LinearDA {PredPsych} | R Documentation |
Cross-validated Linear Discriminant Analysis
Description
A simple function to perform cross-validated Linear Discriminant Analysis
Usage
LinearDA(Data, classCol, selectedCols, cvType, nTrainFolds,
ntrainTestFolds, modelTrainFolds, foldSep, CV = FALSE, cvFraction,
extendedResults = FALSE, SetSeed = TRUE, silent = FALSE,
NewData = NULL, ...)
Arguments
Data |
(dataframe) Data dataframe |
classCol |
(numeric or string) column number that contains the variable to be predicted |
selectedCols |
(optional) (numeric or string) all the columns of data that would be used either as predictor or as feature |
cvType |
(optional) (string) which type of cross-validation scheme to follow; One of the following values:
|
nTrainFolds |
= (optional) (parameter for only k-fold cross-validation) No. of folds in which to further divide Training dataset |
ntrainTestFolds |
= (optional) (parameter for only k-fold cross-validation) No. of folds for training and testing dataset |
modelTrainFolds |
= (optional) (parameter for only k-fold cross-validation) specific folds from the first train/test split (ntrainTestFolds) to use for training |
foldSep |
(numeric) (parameter for only Leave-One_subject Out) mandatory column number for Leave-one-subject out cross-validation. |
CV |
(optional) (logical) perform Cross validation of training dataset? If TRUE, posterior probabilites are present with the model |
cvFraction |
(optional) (numeric) Fraction of data to keep for training data |
extendedResults |
(optional) (logical) Return extended results with model and other metrics |
SetSeed |
(optional) (logical) Whether to setseed or not. use SetSeed to seed the random number generator to get consistent results; set false only for permutation tests |
silent |
(optional) (logical) whether to print messages or not |
NewData |
(optional) (dataframe) New Data frame features for which the class membership is requested |
... |
(optional) additional arguments for the function |
Details
The function implements Linear Disciminant Analysis, a simple algorithm for classification based analyses .LDA builds a model composed of a number of discriminant functions based on linear combinations of data features that provide the best discrimination between two or more conditions/classes.

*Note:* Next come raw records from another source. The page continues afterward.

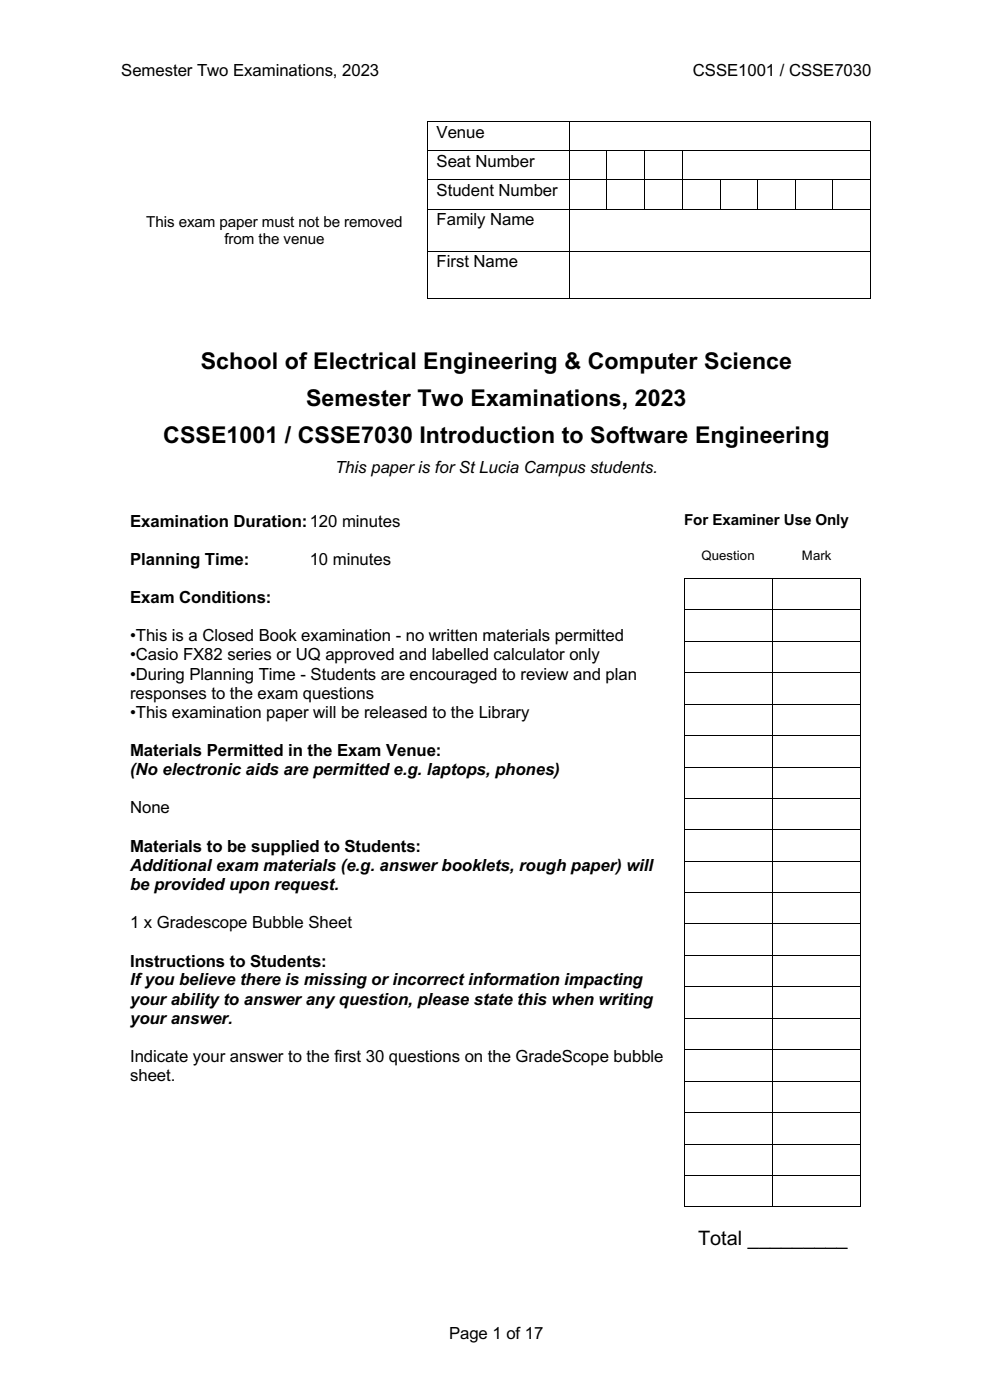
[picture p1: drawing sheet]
<svg xmlns="http://www.w3.org/2000/svg" width="210mm" height="297mm" viewBox="0 0 210 297" stroke-linecap="round" stroke-linejoin="round" font-family="sans-serif">
<defs><g id="words">
<g font-size="4.9">
<text x="42.6" y="78.3">School of Electrical Engineering &amp; Computer Science</text>
<text x="64.9" y="86.2">Semester Two Examinations, 2023</text>
<text x="34.6" y="94">CSSE1001 / CSSE7030 Introduction to Software Engineering</text>
</g>
<text font-size="4.2" x="148.1" y="264.2">Total _________</text>
<g font-size="3.6">
<text x="25.7" y="16.1">Semester Two Examinations, 2023</text>
<text x="147" y="16.1">CSSE1001 / CSSE7030</text>
<text x="92.6" y="29.2">Venue</text>
<text x="92.6" y="35.4">Seat Number</text>
<text x="92.6" y="41.6">Student Number</text>
<text x="92.6" y="47.7">Family Name</text>
<text x="92.6" y="56.7">First Name</text>
<text x="71.1" y="100.4">This paper is for St Lucia Campus students.</text>
<text x="27.6" y="111.8">Examination Duration:120 minutes</text>
<text x="27.6" y="119.8">Planning Time:</text>
<text x="65.7" y="119.8">10 minutes</text>
<text x="27.6" y="127.9">Exam Conditions:</text>
<text x="27.6" y="136.1">•This is a Closed Book examination - no written materials permitted</text>
<text x="27.6" y="140.1">•Casio FX82 series or UQ approved and labelled calculator only</text>
<text x="27.6" y="144.2">•During Planning Time - Students are encouraged to review and plan</text>
<text x="27.6" y="148.2">responses to the exam questions</text>
<text x="27.6" y="152.3">•This examination paper will be released to the Library</text>
<text x="27.6" y="160.4">Materials Permitted in the Exam Venue:</text>
<text x="27.6" y="164.4">(No electronic aids are permitted e.g. laptops, phones)</text>
<text x="27.6" y="172.5">None</text>
<text x="27.6" y="180.7">Materials to be supplied to Students:</text>
<text x="27.6" y="184.7">Additional exam materials (e.g. answer booklets, rough paper) will</text>
<text x="27.6" y="188.8">be provided upon request.</text>
<text x="27.6" y="196.9">1 x Gradescope Bubble Sheet</text>
<text x="27.6" y="205.1">Instructions to Students:</text>
<text x="27.6" y="209">If you believe there is missing or incorrect information impacting</text>
<text x="27.6" y="213.1">your ability to answer any question, please state this when writing</text>
<text x="27.6" y="217.2">your answer.</text>
<text x="27.6" y="225.3">Indicate your answer to the first 30 questions on the GradeScope bubble</text>
<text x="27.6" y="229.4">sheet.</text>
<text x="95.2" y="284.1">Page 1 of 17</text>
</g>
<g font-size="3.2">
<text x="31" y="48.1">This exam paper must not be removed</text>
<text x="47.6" y="51.7">from the venue</text>
<text x="145.1" y="111.4">For Examiner Use Only</text>
</g>
<g font-size="2.8">
<text x="148.8" y="118.8">Question</text>
<text x="170.1" y="118.8">Mark</text>
</g>
</g></defs>
<g fill="#000">
<path d="M90.7 25.7h.1v.2h-.1zM90.7 31.9h.1v.2h-.1zM90.7 38.1h.1v.2h-.1zM120.6 25.7h.2v.2h-.2zM120.6 31.9h.2v.2h-.2zM120.6 38.1h.2v.2h-.2zM128.6 31.9h.2v.2h-.2zM128.6 38.1h.2v.2h-.2zM136.6 31.9h.2v.2h-.2zM136.6 38.1h.2v.2h-.2zM144.6 31.9h.2v.2h-.2zM144.6 38.1h.2v.2h-.2z"/>
<path d="M152.7 38.1h.1v.2h-.1zM160.6 38.1h.2v.2h-.2zM168.6 38.1h.1v.2h-.1zM176.6 38.1h.2v.2h-.2zM184.6 25.7h.1v.2h-.1zM184.6 31.9h.1v.2h-.1zM184.6 38.1h.1v.2h-.1zM90.7 44.3h.1v.1h-.1zM90.7 53.3h.1v.1h-.1zM120.6 44.3h.2v.1h-.2zM120.6 53.3h.2v.1h-.2zM128.6 44.3h.2v.1h-.2z"/>
<path d="M136.6 44.3h.2v.1h-.2zM144.6 44.3h.2v.1h-.2zM152.7 44.3h.1v.1h-.1zM160.6 44.3h.2v.1h-.2zM168.6 44.3h.1v.1h-.1zM176.6 44.3h.2v.1h-.2zM184.6 44.3h.1v.1h-.1zM184.6 53.3h.1v.1h-.1zM90.7 63.2h.1v.1h-.1zM120.6 63.2h.2v.1h-.2zM184.6 63.2h.1v.1h-.1zM145 122.6h.2v.2h-.2z"/>
<path d="M145 129.3h.2v.2h-.2zM145 136h.2v.1h-.2zM145.2 122.6h.2v.2h-.2zM163.7 122.6h.2v.2h-.2zM163.7 129.3h.2v.2h-.2zM163.7 136h.2v.1h-.2zM163.9 122.6h.2v.2h-.2zM182.5 122.6h.2v.2h-.2zM182.5 129.3h.2v.2h-.2zM182.5 136h.2v.1h-.2zM145 142.7h.2v.1h-.2zM145 149.3h.2v.1h-.2z"/>
<path d="M145 156h.2v.1h-.2zM163.7 142.7h.2v.1h-.2zM163.7 149.3h.2v.1h-.2zM163.7 156h.2v.1h-.2zM182.5 142.7h.2v.1h-.2zM182.5 149.3h.2v.1h-.2zM182.5 156h.2v.1h-.2zM145 162.6h.2v.2h-.2zM145 169.3h.2v.2h-.2zM145 175.9h.2v.2h-.2zM163.7 162.6h.2v.2h-.2zM163.7 169.3h.2v.2h-.2z"/>
<path d="M163.7 175.9h.2v.2h-.2zM182.5 162.6h.2v.2h-.2zM182.5 169.3h.2v.2h-.2zM182.5 175.9h.2v.2h-.2zM145 182.6h.2v.2h-.2zM145 189.3h.2v.2h-.2zM145 195.9h.2v.2h-.2zM163.7 182.6h.2v.2h-.2zM163.7 189.3h.2v.2h-.2zM163.7 195.9h.2v.2h-.2zM182.5 182.6h.2v.2h-.2zM182.5 189.3h.2v.2h-.2z"/>
<path d="M182.5 195.9h.2v.2h-.2zM145 202.6h.2v.2h-.2zM145 209.3h.2v.2h-.2zM145 216h.2v.2h-.2zM163.7 202.6h.2v.2h-.2zM163.7 209.3h.2v.2h-.2zM163.7 216h.2v.2h-.2zM182.5 202.6h.2v.2h-.2zM182.5 209.3h.2v.2h-.2zM182.5 216h.2v.2h-.2zM145 222.6h.2v.2h-.2zM145 229.3h.2v.1h-.2z"/>
<path d="M145 236h.2v.1h-.2zM163.7 222.6h.2v.2h-.2zM163.7 229.3h.2v.1h-.2zM163.7 236h.2v.1h-.2zM182.5 222.6h.2v.2h-.2zM182.5 229.3h.2v.1h-.2zM182.5 236h.2v.1h-.2zM145 242.7h.2v.1h-.2zM145 249.3h.2v.1h-.2zM145 255.9h.2v.2h-.2zM163.7 242.7h.2v.1h-.2zM163.7 249.3h.2v.1h-.2z"/>
<path d="M163.7 255.9h.2v.2h-.2zM182.5 242.7h.2v.1h-.2zM182.5 249.3h.2v.1h-.2zM182.5 255.9h.2v.2h-.2z"/>
</g>
<g fill="none" stroke="#000" stroke-width=".21">
<path d="M90.8 25.9v6M90.8 32.1v6M90.8 38.3v6M90.8 25.8h29.8M90.8 32h29.8M90.8 38.2h29.8M120.7 25.9v6M120.7 32.1v6M120.7 38.3v6M120.8 25.8h63.8M120.8 32h7.8M120.8 38.2h7.8"/>
<path d="M128.7 32.1v6M128.7 38.3v6M128.8 32h7.8M128.8 38.2h7.8M136.7 32.1v6M136.7 38.3v6M136.8 32h7.8M136.8 38.2h7.8M144.7 32.1v6M144.7 38.3v6M144.8 32h39.8M144.8 38.2h7.9"/>
<path d="M152.7 38.3v6M152.8 38.2h7.8M160.7 38.3v6M160.8 38.2h7.8M168.7 38.3v6M168.7 38.2h7.9M176.7 38.3v6M176.8 38.2h7.8M184.7 25.9v6M184.7 32.1v6M184.7 38.3v6M90.8 44.4v8.9"/>
<path d="M90.8 53.4v9.8M90.8 44.4h29.8M90.8 53.3h29.8M120.7 44.4v8.9M120.7 53.4v9.8M120.8 44.4h7.8M120.8 53.3h63.8M128.8 44.4h7.8M136.8 44.4h7.8M144.8 44.4h7.9M152.8 44.4h7.8M160.8 44.4h7.8"/>
<path d="M168.7 44.4h7.9M176.8 44.4h7.8M184.7 44.4v8.9M184.7 53.4v9.8M90.8 63.2h29.8M120.8 63.2h63.8M145.1 122.8v6.5M145.1 129.5v6.5M145.1 136.1v6.6M145.2 129.4h18.5M145.2 136.1h18.5M145.4 122.7h18.3"/>
<path d="M163.8 122.8v6.5M163.8 129.5v6.5M163.8 136.1v6.6M163.9 129.4h18.6M163.9 136.1h18.6M164.1 122.7h18.4M182.6 122.8v6.5M182.6 129.5v6.5M182.6 136.1v6.6M145.1 142.8v6.5M145.1 149.4v6.6M145.1 156.1v6.5"/>
<path d="M145.2 142.7h18.5M145.2 149.3h18.5M145.2 156h18.5M163.8 142.8v6.5M163.8 149.4v6.6M163.8 156.1v6.5M163.9 142.7h18.6M163.9 149.3h18.6M163.9 156h18.6M182.6 142.8v6.5M182.6 149.4v6.6M182.6 156.1v6.5"/>
<path d="M145.1 162.8v6.5M145.1 169.5v6.4M145.1 176.1v6.5M145.2 162.7h18.5M145.2 169.4h18.5M145.2 176h18.5M163.8 162.8v6.5M163.8 169.5v6.4M163.8 176.1v6.5M163.9 162.7h18.6M163.9 169.4h18.6M163.9 176h18.6"/>
<path d="M182.6 162.8v6.5M182.6 169.5v6.4M182.6 176.1v6.5M145.1 182.8v6.5M145.1 189.5v6.4M145.1 196.1v6.5M145.2 182.7h18.5M145.2 189.4h18.5M145.2 196h18.5M163.8 182.8v6.5M163.8 189.5v6.4M163.8 196.1v6.5"/>
<path d="M163.9 182.7h18.6M163.9 189.4h18.6M163.9 196h18.6M182.6 182.8v6.5M182.6 189.5v6.4M182.6 196.1v6.5M145.1 202.8v6.5M145.1 209.5v6.5M145.1 216.2v6.4M145.2 202.7h18.5M145.2 209.4h18.5M145.2 216.1h18.5"/>
<path d="M163.8 202.8v6.5M163.8 209.5v6.5M163.8 216.2v6.4M163.9 202.7h18.6M163.9 209.4h18.6M163.9 216.1h18.6M182.6 202.8v6.5M182.6 209.5v6.5M182.6 216.2v6.4M145.1 222.8v6.5M145.1 229.4v6.6M145.1 236.1v6.6"/>
<path d="M145.2 222.7h18.5M145.2 229.4h18.5M145.2 236h18.5M163.8 222.8v6.5M163.8 229.4v6.6M163.8 236.1v6.6M163.9 222.7h18.6M163.9 229.4h18.6M163.9 236h18.6M182.6 222.8v6.5M182.6 229.4v6.6M182.6 236.1v6.6"/>
<path d="M145.1 242.8v6.5M145.1 249.4v6.5M145.2 242.7h18.5M145.2 249.3h18.5M145.2 256h18.5M163.8 242.8v6.5M163.8 249.4v6.5M163.9 242.7h18.6M163.9 249.3h18.6M163.9 256h18.6M182.6 242.8v6.5M182.6 249.4v6.5"/>
</g>
<use href="#words"/>
</svg>

The aim of the statistical analysis in LDA is thus to combine the data features scores in a way that a single new composite variable, the discriminant function, is produced (for details see Fisher, 1936; Rao, 1948)).
Value
Depending upon extendedResults
. extendedResults
= FALSE outputs Test accuracy accTest
of discrimination; extendedResults
= TRUE
outputs Test accuracy accTest
of discrimination, ConfusionMatrixResults
Overall cross-validated confusion matrix results,ConfMatrix
Confusion matrices
and fitLDA
the fit cross-validated LDA model. If CV
= TRUE ,
Posterior probabilities are generated and stored in the model.
Author(s)
Atesh Koul, C'MON unit, Istituto Italiano di Tecnologia
References
Fisher, R. A. (1936). The Use of Multiple Measurements in Taxonomic Problems. Annals of Eugenics, 7(2), 179-188.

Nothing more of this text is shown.